クレハを探していると、システィアを見つけた。
「システィア!」
「ん? お、おぉ、ユキマサではないか、どうした? 私に何かようか?」
「クレハはどこにいる?」
「クレハか、クレハなら、今、授業に出ているぞ?」
「授業? 騎士ってのも大変だな、さて、どうするか──」
まあ、待っててもいいんだがな。
「ん? 何か、急用か?」
「ああ、俺は直ぐにエルフの国に向かおうと思う」
「シルフディートにか?」
「確かそんな名前だったな。つーか、フォルタニアの件は知ってるか?」
「フォルタニア殿の件とは何だ?」
知らないのか。これには少し驚く。
「まあ、全部終わったら話すよ。そうだクレハに伝えといてくれ、数日は戻らないってな」
「ああ、それは構わないが……また、無茶をするでないぞ?」
「善処する、それとエメレアにも言伝というか、ちょっと頼みごとを伝えてもらっていいか──?」
「珍しいな? 了解だ、で、何を伝えればいい?」
「ああ、実はな──」
──
────
俺はシスティアにクレハとエメレアへの伝言を頼み、そのまま──エルフの国〝シルフディート〟へと向かう。

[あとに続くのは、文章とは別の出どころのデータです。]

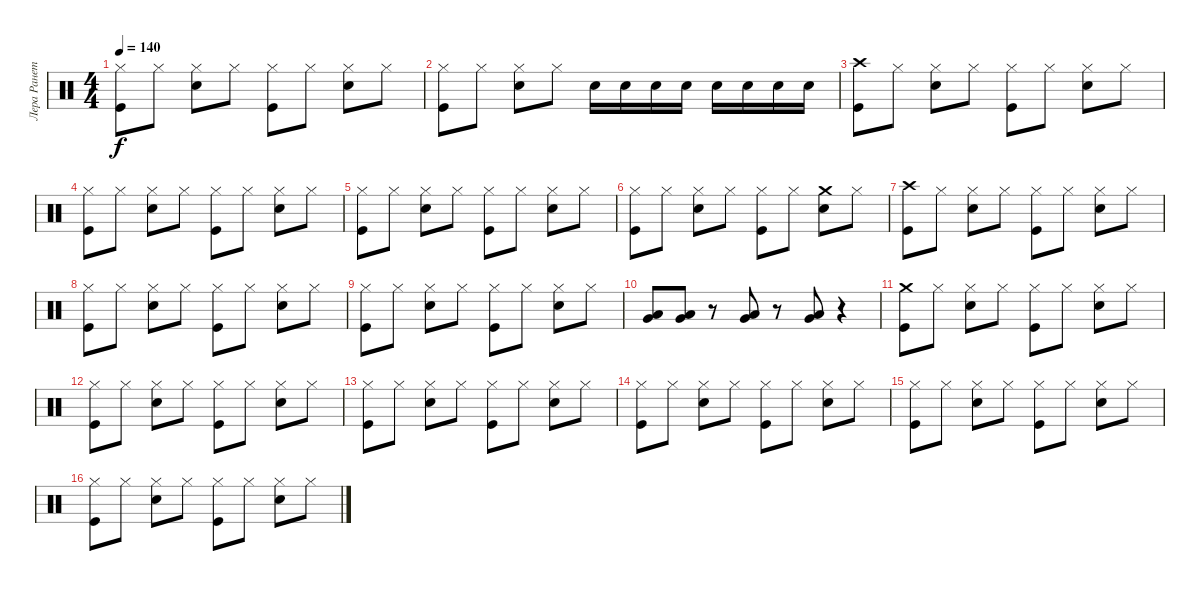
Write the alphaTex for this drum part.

本当は場所も分からないので、どっかで道を聞こうと考えてたのだが、システィアが地図をくれた。
俺が走っていっても半日はかかりそうな距離だ。
*
──そうして走ること約半日、念願のエルフの国〝シルフディート〟へと着く。
門には〝大都市エルクステン〟だと、第3隊のフィオレが持っていた入国履歴の残る──魔力を帯びた光る本を持った門番がいる。だが、入国履歴を残したくない俺は見つからないように、気づかれないよう素早く移動し、不法入国をする。

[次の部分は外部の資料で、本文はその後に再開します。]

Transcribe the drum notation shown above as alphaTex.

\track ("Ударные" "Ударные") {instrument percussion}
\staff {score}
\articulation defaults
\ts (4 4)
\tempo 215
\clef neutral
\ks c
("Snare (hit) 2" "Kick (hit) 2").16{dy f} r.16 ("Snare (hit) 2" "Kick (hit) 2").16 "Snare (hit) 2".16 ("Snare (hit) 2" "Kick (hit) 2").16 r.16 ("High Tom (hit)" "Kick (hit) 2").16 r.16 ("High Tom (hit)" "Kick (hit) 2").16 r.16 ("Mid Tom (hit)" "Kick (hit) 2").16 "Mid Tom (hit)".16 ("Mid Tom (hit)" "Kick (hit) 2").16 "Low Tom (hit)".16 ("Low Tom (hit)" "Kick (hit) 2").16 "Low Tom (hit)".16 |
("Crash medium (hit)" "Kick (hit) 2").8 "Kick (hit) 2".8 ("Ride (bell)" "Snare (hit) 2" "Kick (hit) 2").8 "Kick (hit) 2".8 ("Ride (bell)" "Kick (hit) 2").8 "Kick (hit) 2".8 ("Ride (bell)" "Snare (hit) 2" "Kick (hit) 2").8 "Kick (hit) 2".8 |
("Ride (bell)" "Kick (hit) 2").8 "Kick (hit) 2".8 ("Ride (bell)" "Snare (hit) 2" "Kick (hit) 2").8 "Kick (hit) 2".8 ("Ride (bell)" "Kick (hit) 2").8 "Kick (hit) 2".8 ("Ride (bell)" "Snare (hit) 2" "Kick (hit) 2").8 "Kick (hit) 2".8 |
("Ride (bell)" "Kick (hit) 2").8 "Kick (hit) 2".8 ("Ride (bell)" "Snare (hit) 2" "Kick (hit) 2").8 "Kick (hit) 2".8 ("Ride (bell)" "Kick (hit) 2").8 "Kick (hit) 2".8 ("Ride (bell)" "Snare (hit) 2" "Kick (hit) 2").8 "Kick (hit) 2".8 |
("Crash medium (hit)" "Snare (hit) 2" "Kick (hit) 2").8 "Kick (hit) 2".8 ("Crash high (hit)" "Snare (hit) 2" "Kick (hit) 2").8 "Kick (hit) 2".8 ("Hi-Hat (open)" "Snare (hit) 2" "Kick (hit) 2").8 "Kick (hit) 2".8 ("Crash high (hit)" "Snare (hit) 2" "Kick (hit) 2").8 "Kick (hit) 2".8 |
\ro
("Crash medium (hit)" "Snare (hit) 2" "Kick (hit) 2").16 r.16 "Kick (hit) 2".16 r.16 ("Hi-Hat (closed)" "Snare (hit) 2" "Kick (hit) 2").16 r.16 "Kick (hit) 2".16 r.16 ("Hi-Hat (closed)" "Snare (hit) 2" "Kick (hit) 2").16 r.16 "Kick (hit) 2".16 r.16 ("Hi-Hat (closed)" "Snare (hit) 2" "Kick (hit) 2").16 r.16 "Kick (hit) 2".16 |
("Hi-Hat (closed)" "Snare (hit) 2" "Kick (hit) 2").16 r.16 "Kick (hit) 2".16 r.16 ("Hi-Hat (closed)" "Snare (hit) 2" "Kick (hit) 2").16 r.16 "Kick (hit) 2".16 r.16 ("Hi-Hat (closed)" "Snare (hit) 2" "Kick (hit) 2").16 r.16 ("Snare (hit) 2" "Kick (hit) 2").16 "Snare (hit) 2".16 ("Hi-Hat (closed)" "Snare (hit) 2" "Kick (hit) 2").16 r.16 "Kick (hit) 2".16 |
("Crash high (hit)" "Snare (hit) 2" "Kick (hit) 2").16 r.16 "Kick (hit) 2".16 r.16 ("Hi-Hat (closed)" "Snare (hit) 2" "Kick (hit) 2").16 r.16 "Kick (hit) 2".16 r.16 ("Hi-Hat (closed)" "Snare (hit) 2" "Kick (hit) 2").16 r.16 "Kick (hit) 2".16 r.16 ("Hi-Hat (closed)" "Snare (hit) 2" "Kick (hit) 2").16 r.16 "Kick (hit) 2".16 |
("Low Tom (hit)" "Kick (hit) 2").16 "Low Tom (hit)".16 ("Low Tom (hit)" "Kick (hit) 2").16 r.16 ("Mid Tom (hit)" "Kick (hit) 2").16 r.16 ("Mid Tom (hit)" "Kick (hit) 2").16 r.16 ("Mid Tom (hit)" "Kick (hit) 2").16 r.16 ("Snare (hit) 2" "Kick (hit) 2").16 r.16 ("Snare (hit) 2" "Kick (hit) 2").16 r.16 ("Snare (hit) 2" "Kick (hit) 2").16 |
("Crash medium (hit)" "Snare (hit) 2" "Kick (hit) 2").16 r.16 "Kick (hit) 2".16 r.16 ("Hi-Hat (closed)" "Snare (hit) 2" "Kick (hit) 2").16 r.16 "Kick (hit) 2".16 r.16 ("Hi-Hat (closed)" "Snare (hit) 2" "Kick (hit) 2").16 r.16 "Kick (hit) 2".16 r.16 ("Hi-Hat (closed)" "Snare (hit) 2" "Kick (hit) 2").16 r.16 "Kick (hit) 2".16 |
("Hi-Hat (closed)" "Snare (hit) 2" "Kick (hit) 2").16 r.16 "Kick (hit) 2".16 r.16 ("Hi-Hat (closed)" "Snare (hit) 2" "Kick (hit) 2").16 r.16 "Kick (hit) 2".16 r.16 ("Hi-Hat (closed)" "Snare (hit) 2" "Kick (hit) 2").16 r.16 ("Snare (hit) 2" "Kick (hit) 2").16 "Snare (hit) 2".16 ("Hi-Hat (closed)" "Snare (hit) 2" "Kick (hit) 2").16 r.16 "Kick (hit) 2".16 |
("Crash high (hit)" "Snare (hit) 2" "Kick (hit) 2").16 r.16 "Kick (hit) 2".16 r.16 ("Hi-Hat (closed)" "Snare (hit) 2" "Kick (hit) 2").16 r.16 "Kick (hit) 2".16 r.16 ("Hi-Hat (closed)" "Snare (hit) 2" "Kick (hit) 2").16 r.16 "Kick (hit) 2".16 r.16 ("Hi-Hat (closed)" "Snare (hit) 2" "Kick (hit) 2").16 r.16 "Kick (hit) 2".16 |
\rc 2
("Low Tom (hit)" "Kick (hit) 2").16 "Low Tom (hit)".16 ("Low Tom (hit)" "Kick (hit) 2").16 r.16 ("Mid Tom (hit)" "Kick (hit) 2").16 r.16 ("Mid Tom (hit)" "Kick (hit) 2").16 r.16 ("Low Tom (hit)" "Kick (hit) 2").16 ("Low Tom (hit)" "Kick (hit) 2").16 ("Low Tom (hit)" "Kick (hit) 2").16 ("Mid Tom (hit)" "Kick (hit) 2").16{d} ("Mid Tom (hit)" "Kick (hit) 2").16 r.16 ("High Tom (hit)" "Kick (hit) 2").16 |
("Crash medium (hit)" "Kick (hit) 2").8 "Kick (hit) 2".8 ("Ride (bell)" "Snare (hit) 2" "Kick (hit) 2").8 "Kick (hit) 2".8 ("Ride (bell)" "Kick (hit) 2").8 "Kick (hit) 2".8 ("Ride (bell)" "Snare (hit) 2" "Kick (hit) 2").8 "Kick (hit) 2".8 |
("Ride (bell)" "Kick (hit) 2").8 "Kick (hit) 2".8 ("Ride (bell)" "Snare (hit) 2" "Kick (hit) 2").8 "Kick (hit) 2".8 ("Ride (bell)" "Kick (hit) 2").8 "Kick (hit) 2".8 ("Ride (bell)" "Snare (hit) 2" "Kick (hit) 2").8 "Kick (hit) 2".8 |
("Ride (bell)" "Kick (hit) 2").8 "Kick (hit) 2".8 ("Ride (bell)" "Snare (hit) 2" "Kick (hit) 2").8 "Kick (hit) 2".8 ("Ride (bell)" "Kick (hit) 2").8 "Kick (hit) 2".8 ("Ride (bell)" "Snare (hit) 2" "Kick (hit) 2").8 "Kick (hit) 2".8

「つーか、何だありゃ、でっけぇ木だな? 御神木とかそういうレベルじゃないぞ?」
国に入る前から見えていたのだが、国に入るとよりいっそ大きく見える巨大な木に俺は感嘆する。
「……で、フォルタニアがいるとすれば王宮か? つーか、王宮どこだ? うーん、道聞くか」
そしてここで再登場──アルテナからもらった〝フード付きマント〟だ。これを〝アイテムストレージ〟から出し、一瞬で着替え、旅人を装う。
「そーいや、腹へったな」
クレハの婆さんの朝食以来何も食べてない俺は、すっかり空になった胃袋が鳴る。
(何か食うか、エルフの国って何があるんだろうな? 確かエルフ米とか言うのがあるらしいな)

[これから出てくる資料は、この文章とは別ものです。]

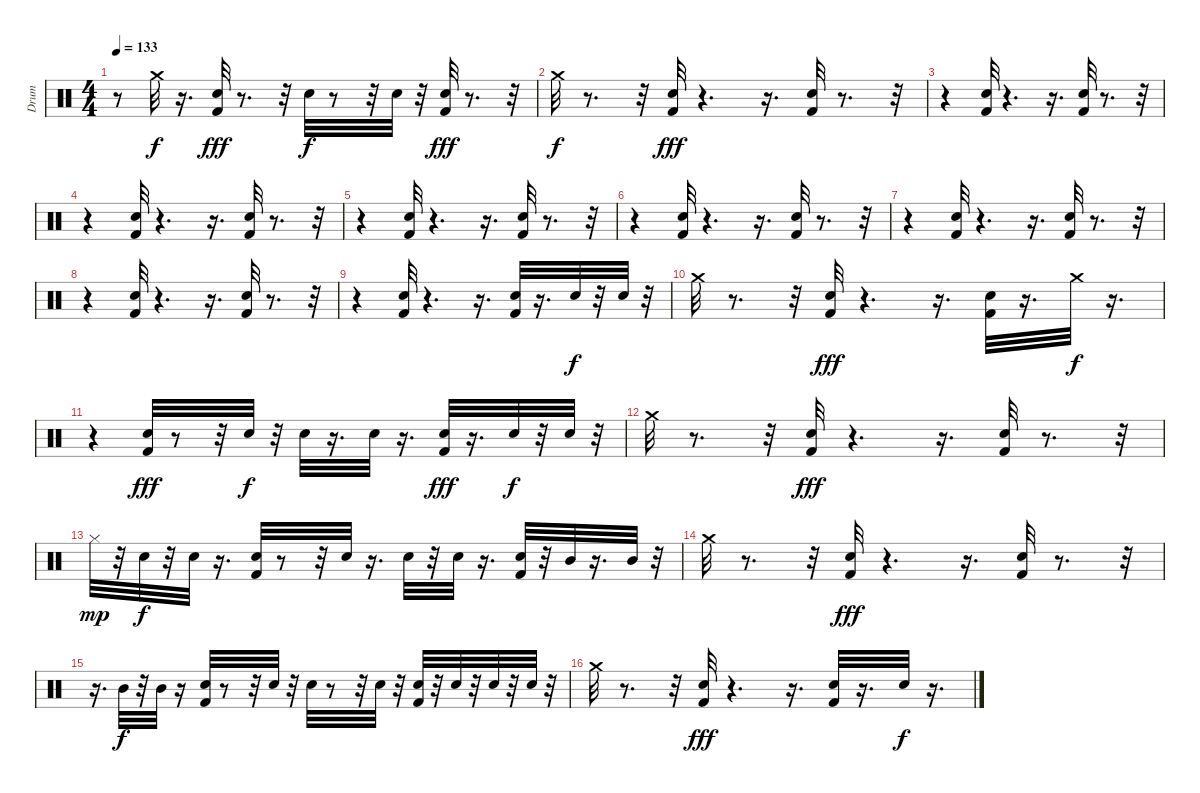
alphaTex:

\track ("Drum" "Drum") {instrument percussion}
\staff {score}
\articulation defaults
\ts (4 4)
\tempo 133
\clef neutral
\ks c
r.8{dy fff} "Crash medium (hit)".32{dy f} r.16{d} ("Kick (hit) 2" "Electric Snare (hit)").32{dy fff} r.8{d} r.32 "Electric Snare (hit)".32{dy f} r.8 r.32 "Electric Snare (hit)".32 r.32 ("Kick (hit) 2" "Electric Snare (hit)").32{dy fff} r.8{d} r.32 |
"Crash medium (hit)".32{dy f} r.8{d} r.32 ("Electric Snare (hit)" "Kick (hit) 2").32{dy fff} r.4{d} r.16{d} ("Electric Snare (hit)" "Kick (hit) 2").32 r.8{d} r.32 |
r.4 ("Electric Snare (hit)" "Kick (hit) 2").32 r.4{d} r.16{d} ("Electric Snare (hit)" "Kick (hit) 2").32 r.8{d} r.32 |
r.4 ("Electric Snare (hit)" "Kick (hit) 2").32 r.4{d} r.16{d} ("Electric Snare (hit)" "Kick (hit) 2").32 r.8{d} r.32 |
r.4 ("Electric Snare (hit)" "Kick (hit) 2").32 r.4{d} r.16{d} ("Electric Snare (hit)" "Kick (hit) 2").32 r.8{d} r.32 |
r.4 ("Electric Snare (hit)" "Kick (hit) 2").32 r.4{d} r.16{d} ("Electric Snare (hit)" "Kick (hit) 2").32 r.8{d} r.32 |
r.4 ("Electric Snare (hit)" "Kick (hit) 2").32 r.4{d} r.16{d} ("Electric Snare (hit)" "Kick (hit) 2").32 r.8{d} r.32 |
r.4 ("Electric Snare (hit)" "Kick (hit) 2").32 r.4{d} r.16{d} ("Electric Snare (hit)" "Kick (hit) 2").32 r.8{d} r.32 |
r.4 ("Electric Snare (hit)" "Kick (hit) 2").32 r.4{d} r.16{d} ("Kick (hit) 2" "Electric Snare (hit)").32 r.16{d} "Electric Snare (hit)".32{dy f} r.32 "Electric Snare (hit)".32 r.32 |
"Crash medium (hit)".32 r.8{d} r.32 ("Electric Snare (hit)" "Kick (hit) 2").32{dy fff} r.4{d} r.16{d} ("Electric Snare (hit)" "Kick (hit) 2").32 r.16{d} "Crash medium (hit)".32{dy f} r.16{d} |
r.4 ("Kick (hit) 2" "Electric Snare (hit)").32{dy fff} r.8 r.32 "Electric Snare (hit)".32{dy f} r.32 "Electric Snare (hit)".32 r.16{d} "Electric Snare (hit)".32 r.16{d} ("Kick (hit) 2" "Electric Snare (hit)").32{dy fff} r.16{d} "Electric Snare (hit)".32{dy f} r.32 "Electric Snare (hit)".32 r.32 |
"Crash medium (hit)".32 r.8{d} r.32 ("Electric Snare (hit)" "Kick (hit) 2").32{dy fff} r.4{d} r.16{d} ("Electric Snare (hit)" "Kick (hit) 2").32 r.8{d} r.32 |
"Hi-Hat (closed)".32{dy mp} r.32 "Electric Snare (hit)".32{dy f} r.32 "Electric Snare (hit)".32 r.16{d} ("Electric Snare (hit)" "Kick (hit) 2").32 r.8 r.32 "Electric Snare (hit)".32 r.16{d} "Electric Snare (hit)".32 r.32 "Electric Snare (hit)".32 r.16{d} ("Electric Snare (hit)" "Kick (hit) 2").32 r.32 "Mid Tom (hit)".32 r.16{d} "Mid Tom (hit)".32 r.32 |
"Crash medium (hit)".32 r.8{d} r.32 ("Electric Snare (hit)" "Kick (hit) 2").32{dy fff} r.4{d} r.16{d} ("Electric Snare (hit)" "Kick (hit) 2").32 r.8{d} r.32 |
r.16{d} "Mid Tom (hit)".32{dy f} r.32 "Mid Tom (hit)".32 r.16 ("Kick (hit) 2" "Electric Snare (hit)").32 r.8 r.32 "Electric Snare (hit)".32 r.32 "Electric Snare (hit)".32 r.8 r.32 "Electric Snare (hit)".32 r.32 ("Kick (hit) 2" "Electric Snare (hit)").32 r.32 "Electric Snare (hit)".32 r.32 "Electric Snare (hit)".32 r.32 "Electric Snare (hit)".32 r.32 |
"Crash medium (hit)".32 r.8{d} r.32 ("Electric Snare (hit)" "Kick (hit) 2").32{dy fff} r.4{d} r.16{d} ("Electric Snare (hit)" "Kick (hit) 2").32 r.16{d} "Electric Snare (hit)".32{dy f} r.16{d}

飲食店を探しながら歩いていくと、結構混んでる店を発見する。
──!! 蕎麦じゃん!!
店の客が食べてるのはどうみても蕎麦であった。
そのまた少し先にも蕎麦屋があった。
え、何? エルフって蕎麦好きなの? 何にしろ念願の和食なので俺は空腹も手伝ってか、即決で蕎麦屋に入るのだった──。